The OECD (Organisation for Economic Co-operation and Development) works with governments, policymakers, and the public to improve human, social, and environmental health. One major program, administered in conjunction with the EPA (Environmental Protection Agency, US) is the development of AOPs and the promotion of their benefits to the scientific community.

To ensure that any AOP development is consistent the OECD oversees the methods used to design frameworks and ensures standards are uniform. An experienced Advisory Group offers guidance to organizations and public bodies not only on creating AOPs but also on how to use the information contained within existing databases.

This procedure gives researchers access to a standard set of data that can be used to construct predictive tests for various chemicals and their derivatives.

The use of Zebrafish in Adverse Outcome Pathways

In compliance with the requirements to reduce, refine and replace animal testing (The 3Rs principles), the zebrafish offers a valuable and cost-effective alternative model for toxicity and efficacy screenings that is gaining attention rapidly. The principal advantages of this model include its small size; rapid breeding and fast growth capability; transparency at the larval stage; less ethical issues working with larvae up until feeding independently; and high genetic homology with humans (70-75%). All these advantages make zebrafish an ideal fast, High Content Screening (HCS) chemical testing in vivo model.

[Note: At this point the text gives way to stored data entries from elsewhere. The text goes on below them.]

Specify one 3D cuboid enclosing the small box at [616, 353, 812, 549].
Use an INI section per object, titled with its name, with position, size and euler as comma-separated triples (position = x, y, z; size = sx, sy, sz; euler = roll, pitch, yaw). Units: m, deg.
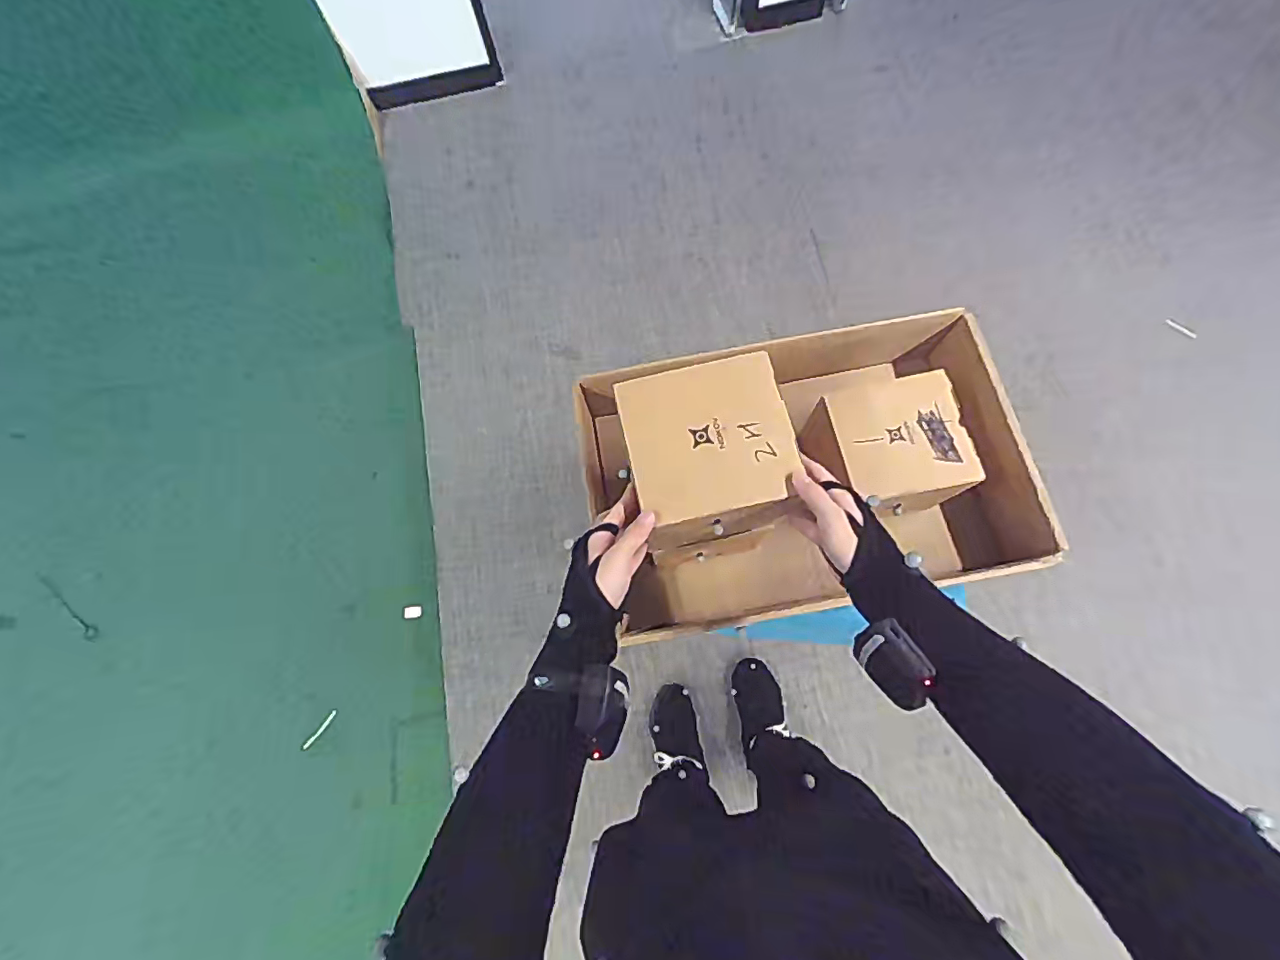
[small box]
position = 0.078, -0.023, 0.641
size = 0.179, 0.176, 0.168
euler = -12, 75, -1

In this sense, Biobide represents a paradigmatic example of a company that offers different standardized HCS assays for testing compounds´ toxicity in different organs of zebrafish larvae. The portfolio of Biobide includes assays for teratotoxicity, neurotoxicity, hepatotoxicity, nephrotoxicity, cardiotoxicity, endocrine disruption, or ecotoxicity, among others.

Consequently, testing chemical toxicity in zebrafish larvae presents a very interesting alternative to produce toxicity-related data to be added to the AOP databases in a fast and cost-effective manner, been some included in the AOP wiki (https://aopwiki.org).

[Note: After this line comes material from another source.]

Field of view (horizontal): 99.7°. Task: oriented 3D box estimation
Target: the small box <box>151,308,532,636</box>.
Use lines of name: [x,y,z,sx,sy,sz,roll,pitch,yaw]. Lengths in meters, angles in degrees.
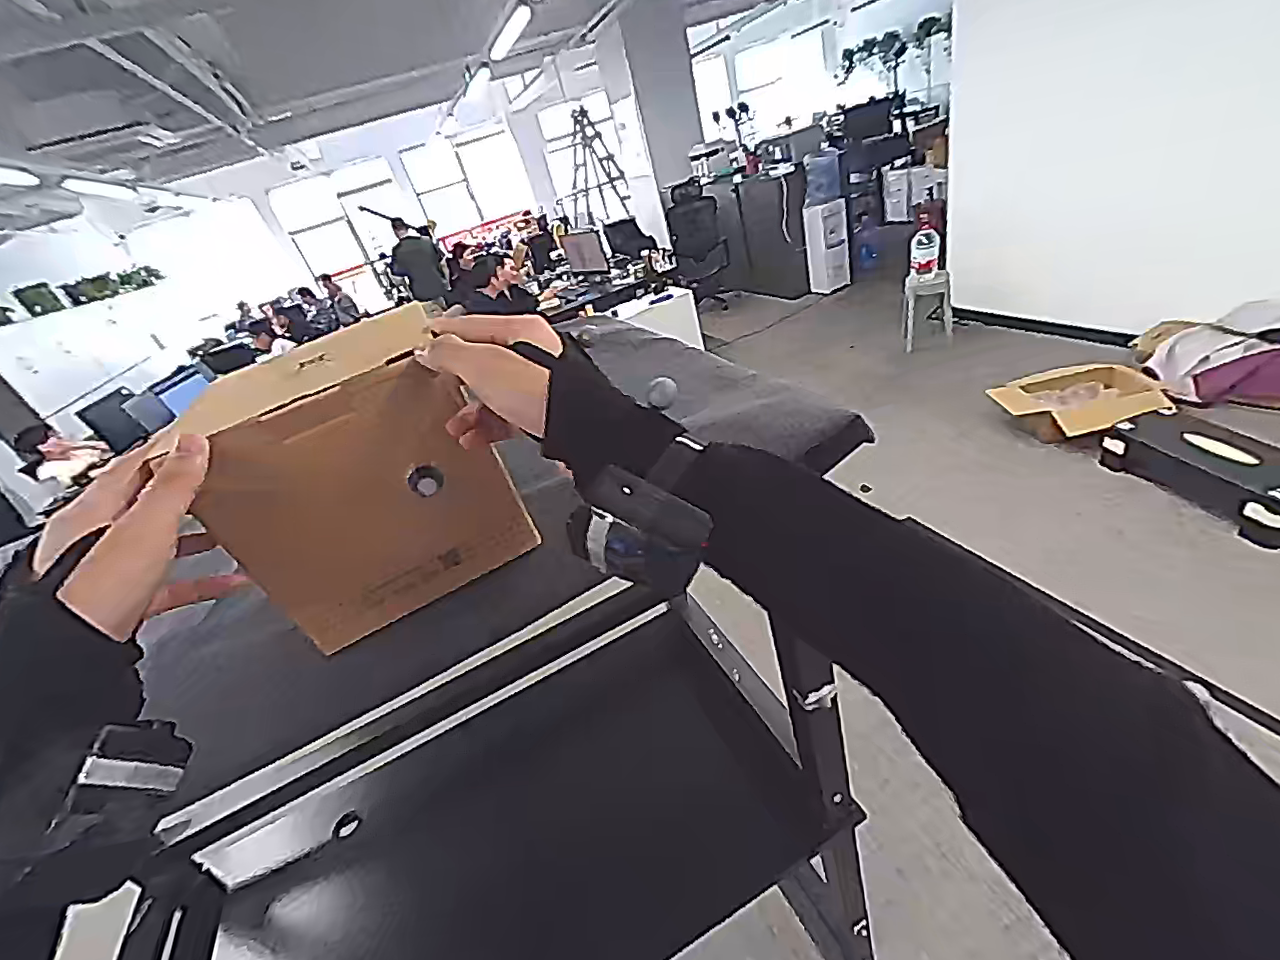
small box: [-0.200,-0.008,0.413,0.168,0.176,0.179,-26,33,-13]

Additionally, not only can zebrafish data be stored and reused to research chemical toxicity in humans, but are also a valuable tool to study the effect of aquatic and environmental toxicity, which can affect water consumed by humans and animals.

Thus, the assessment of chemical hazards within human and environmental toxicology can identify immediate harmful effects and also assesses the long-term, hidden influence they can have on more chronic diseases, such as cancer. AOPs, therefore, play a valuable role in helping prevent the consequences of chemical toxicity.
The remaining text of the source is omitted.